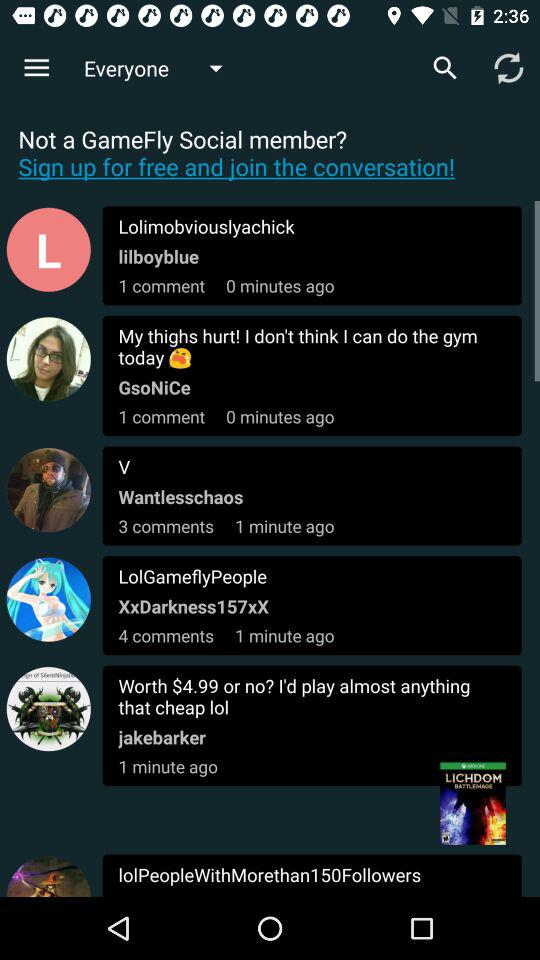How many comments are shown there for "V"? There are 3 comments shown. 
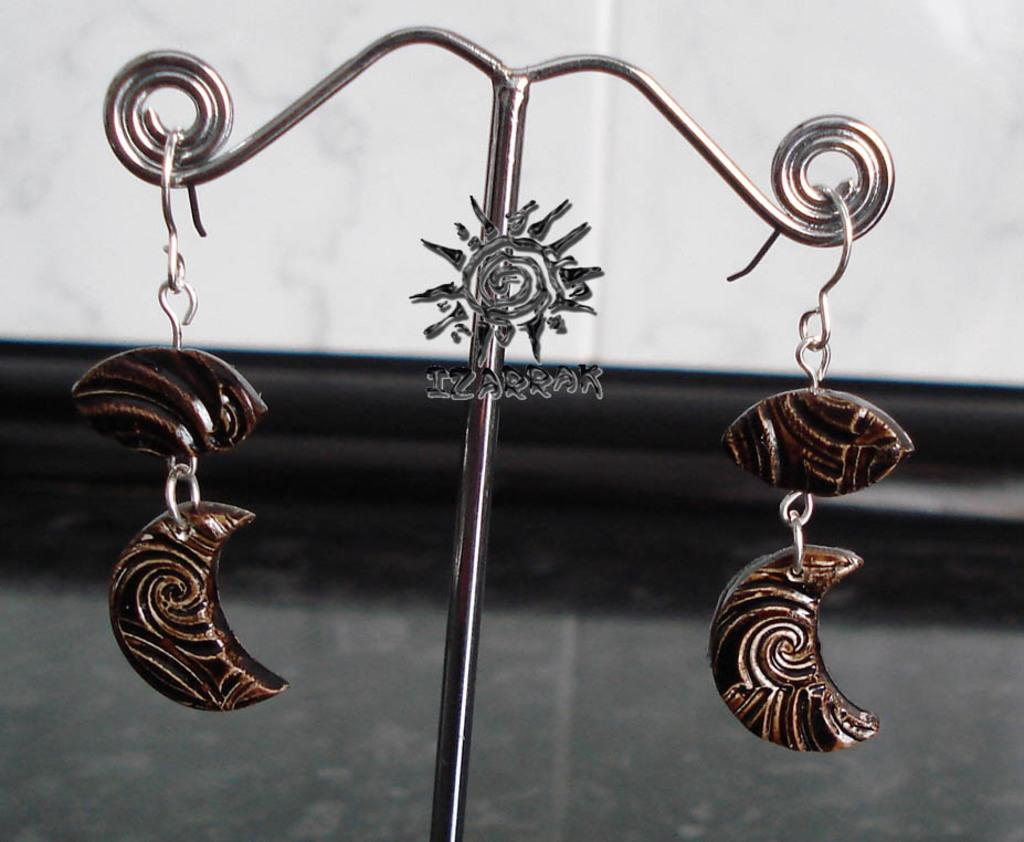What is the main object in the center of the image? There is a pole in the center of the image. What type of accessory can be seen in the image? There is a pair of earrings in the image. What can be seen in the background of the image? There is a wall in the background of the image. How many buns are being used to measure the length of the pole in the image? There are no buns present in the image, and they are not being used to measure the length of the pole. 
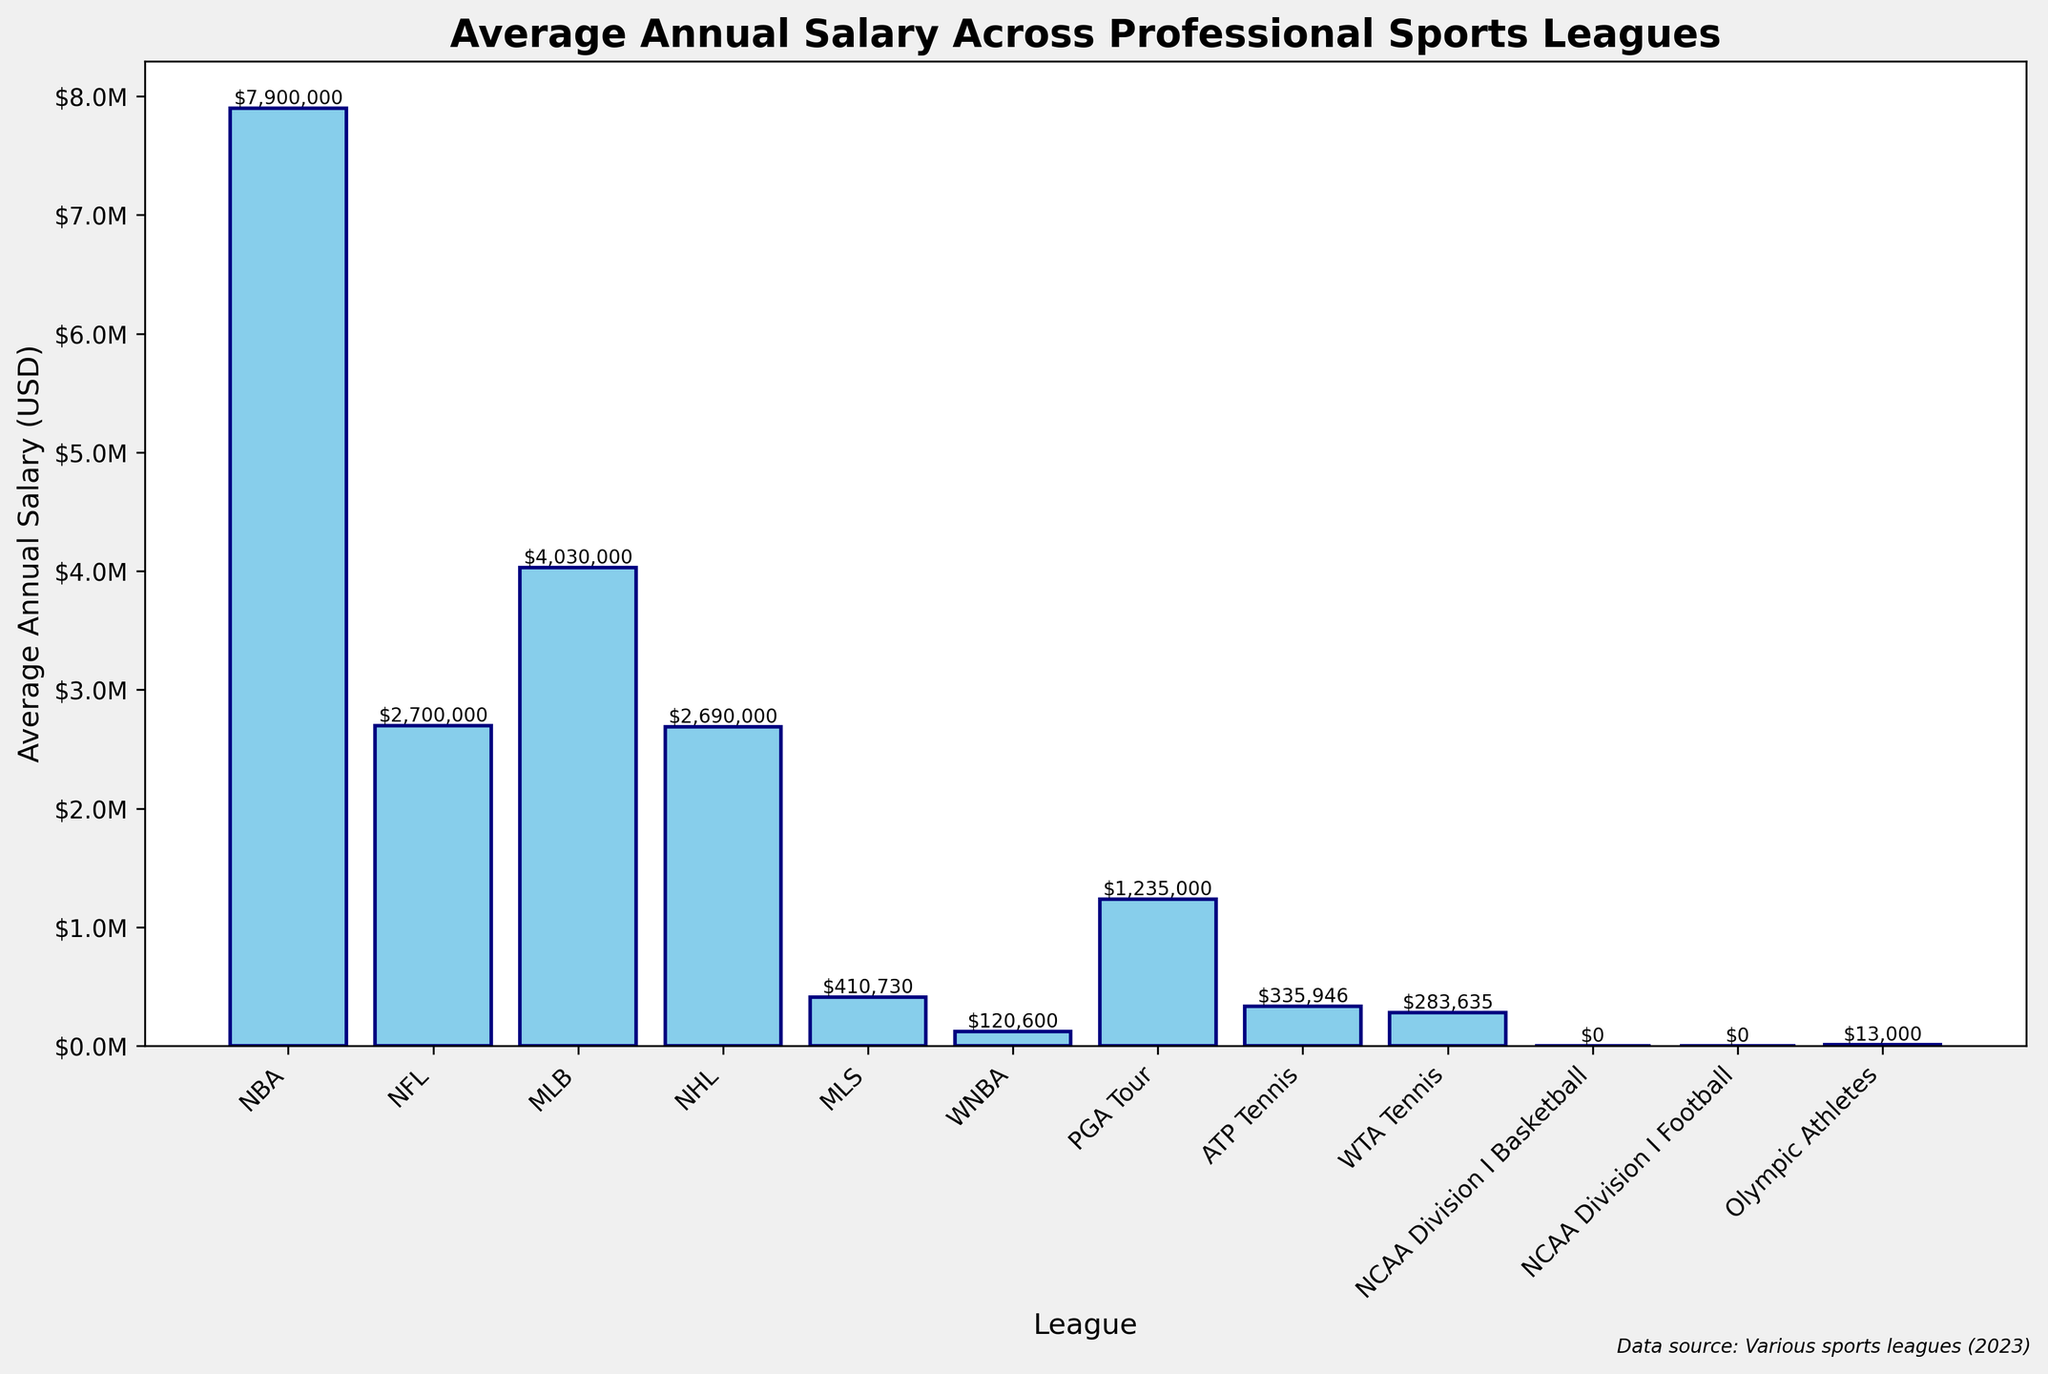Which league has the highest average annual salary? To find the highest average annual salary, we compare the heights of the bars. The bar for the NBA is the tallest, indicating it has the highest salary.
Answer: NBA How much more does an average NBA player make compared to an average NFL player annually? To calculate the difference, subtract the NFL's average salary from the NBA's average salary. NBA: $7,900,000 and NFL: $2,700,000, so the difference is $7,900,000 - $2,700,000.
Answer: $5,200,000 Which leagues have players earning less than $1 million annually on average? Look for the bars below the $1M mark. MLS, WNBA, ATP Tennis, WTA Tennis, NCAA Division I Basketball, NCAA Division I Football, and Olympic Athletes all fall below this threshold.
Answer: MLS, WNBA, ATP Tennis, WTA Tennis, NCAA Division I Basketball, NCAA Division I Football, Olympic Athletes What is the sum of the average annual salaries of athletes in PGA Tour and NHL? Add the average salaries of PGA Tour ($1,235,000) and NHL ($2,690,000).
Answer: $3,925,000 Which league's average salary is closest to $4M? Compare the bars visually around the $4M mark. MLB has an average salary of $4,030,000, which is closest to $4M.
Answer: MLB How does the average salary of Olympic athletes compare to that of WNBA players? Olympic athletes have an average salary of $13,000, which is significantly lower than that of WNBA players, who earn $120,600 on average.
Answer: It's lower What's the average salary difference between MLS and ATP Tennis? Find the difference between the salaries of MLS ($410,730) and ATP Tennis ($335,946). Subtract ATP Tennis from MLS.
Answer: $74,784 Is the average salary of a PGA Tour player more than twice that of a WNBA player? Compare twice the WNBA's average salary ($120,600 * 2 = $241,200) with that of the PGA Tour ($1,235,000). $1,235,000 is indeed more than $241,200.
Answer: Yes How many leagues have an average salary above $1 million annually? Count the bars that are above the $1M mark. NBA, NFL, MLB, NHL, PGA Tour all fall into this category.
Answer: 5 If we combine the average salaries of NCAA Division I Basketball and NCAA Division I Football, what would the total be? Since both have an average salary of $0, their combined total is $0.
Answer: $0

■ ■ ■ ■

* [What you should do]: The reply should repeat the data in full, exactly as given, and contain no pictures.

* [Task output]:
How many comments are shown there for "V"? There are 3 comments shown. 
What is the main object in the center of the image? There is a pole in the center of the image. What type of accessory can be seen in the image? There is a pair of earrings in the image. What can be seen in the background of the image? There is a wall in the background of the image. How many buns are being used to measure the length of the pole in the image? There are no buns present in the image, and they are not being used to measure the length of the pole. 
Which league has the highest average annual salary? To find the highest average annual salary, we compare the heights of the bars. The bar for the NBA is the tallest, indicating it has the highest salary.
Answer: NBA How much more does an average NBA player make compared to an average NFL player annually? To calculate the difference, subtract the NFL's average salary from the NBA's average salary. NBA: $7,900,000 and NFL: $2,700,000, so the difference is $7,900,000 - $2,700,000.
Answer: $5,200,000 Which leagues have players earning less than $1 million annually on average? Look for the bars below the $1M mark. MLS, WNBA, ATP Tennis, WTA Tennis, NCAA Division I Basketball, NCAA Division I Football, and Olympic Athletes all fall below this threshold.
Answer: MLS, WNBA, ATP Tennis, WTA Tennis, NCAA Division I Basketball, NCAA Division I Football, Olympic Athletes What is the sum of the average annual salaries of athletes in PGA Tour and NHL? Add the average salaries of PGA Tour ($1,235,000) and NHL ($2,690,000).
Answer: $3,925,000 Which league's average salary is closest to $4M? Compare the bars visually around the $4M mark. MLB has an average salary of $4,030,000, which is closest to $4M.
Answer: MLB How does the average salary of Olympic athletes compare to that of WNBA players? Olympic athletes have an average salary of $13,000, which is significantly lower than that of WNBA players, who earn $120,600 on average.
Answer: It's lower What's the average salary difference between MLS and ATP Tennis? Find the difference between the salaries of MLS ($410,730) and ATP Tennis ($335,946). Subtract ATP Tennis from MLS.
Answer: $74,784 Is the average salary of a PGA Tour player more than twice that of a WNBA player? Compare twice the WNBA's average salary ($120,600 * 2 = $241,200) with that of the PGA Tour ($1,235,000). $1,235,000 is indeed more than $241,200.
Answer: Yes How many leagues have an average salary above $1 million annually? Count the bars that are above the $1M mark. NBA, NFL, MLB, NHL, PGA Tour all fall into this category.
Answer: 5 If we combine the average salaries of NCAA Division I Basketball and NCAA Division I Football, what would the total be? Since both have an average salary of $0, their combined total is $0.
Answer: $0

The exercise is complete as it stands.